I took my wife fishin Sunday morning. The tides were low so we started out at secret location "E F". There were tons of mullet stacked up on the edge of the flats dropoff. The reds were craching them pretty good. We caught about 15 or 20 on topwaters up to about 30 inches. We also caught about 5 trout and a skipjack. After that was over at about 9:30 we went to secret location number 2, "B R". There were no other boats there only 3 kayakers. Probably because the water was real low. We found some small schools of tailing reds. I caught 3 on my fly rod and my wife caught 2 on a worm. They were smaller. 20 inch range. I bet it was good at first light for tailers. That lasted until about 11:00 when the wind got up, then we went home.


----------



## Ish (Oct 30, 2008)

you sure it's secret spot E F and not not-so-secret spot B R?


----------



## Ish (Oct 30, 2008)

and whatever happened to those offshore pictures you were gonna post?


----------



## Bruce J (Jun 27, 2004)

Wow,that red your wife caught is a big 'un!


----------



## Not For Hire (Jun 30, 2009)

I am sure if was EF. Thats what the map said. I'm from the East side of Chicago here on vacation.

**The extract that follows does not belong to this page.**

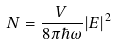<formula> <loc_0><loc_0><loc_500><loc_500>N = \frac { V } { 8 \pi \hbar { \omega } } | E | ^ { 2 }</formula> 
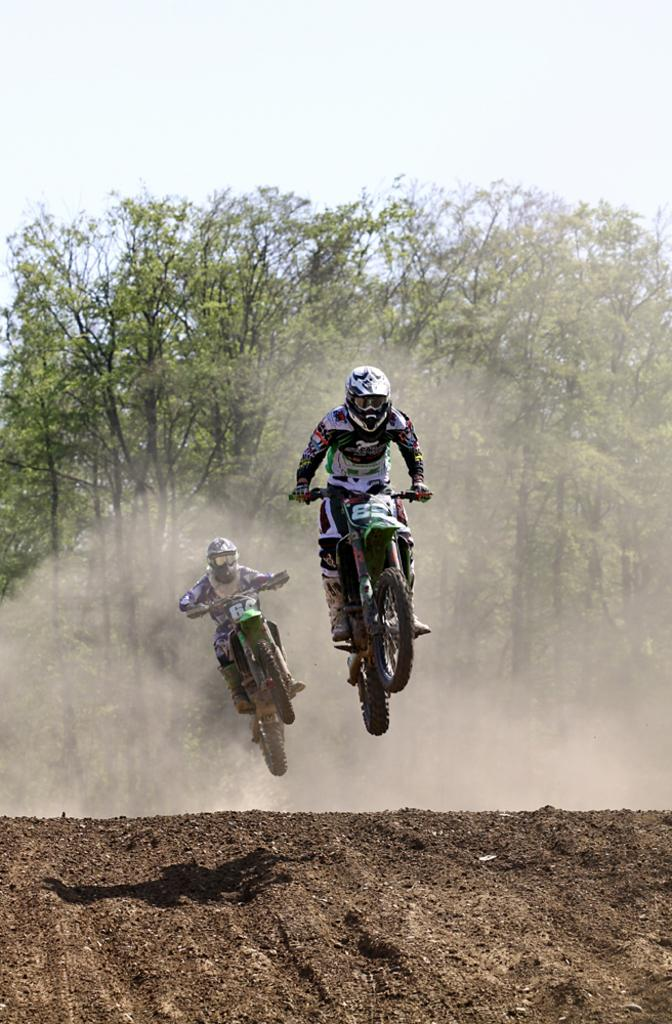What can be seen in the sky in the image? The sky is visible in the image. What type of vegetation is present in the image? There are trees in the image. What is the ground made of in the image? Soil is present in the image. How many people are riding a motorcycle in the image? There are two persons riding a motorcycle in the image. What safety precaution are the persons taking while riding the motorcycle? The persons are wearing helmets. Where is the map placed on the plate in the image? There is no map or plate present in the image.

I am not much of an offshore guy but I couldnt resist. They didnt fight much.


----------



## Ish (Oct 30, 2008)

oh.

looks like there was bit of alcohol involved, no?


----------



## Not For Hire (Jun 30, 2009)

Ya a little booze. That may explain why I kept diving in after the trout under our lights. It was a rough drive back Sunday.


----------



## Ish (Oct 30, 2008)

Not For Hire said:


> Ya a little booze. That may explain why I kept diving in after the trout under our lights.


c'mon man!!! stop holdin' out on us....put up the pictures of that!!!


----------



## houfinchaser (Oct 10, 2008)

Nice Reds and photos..


----------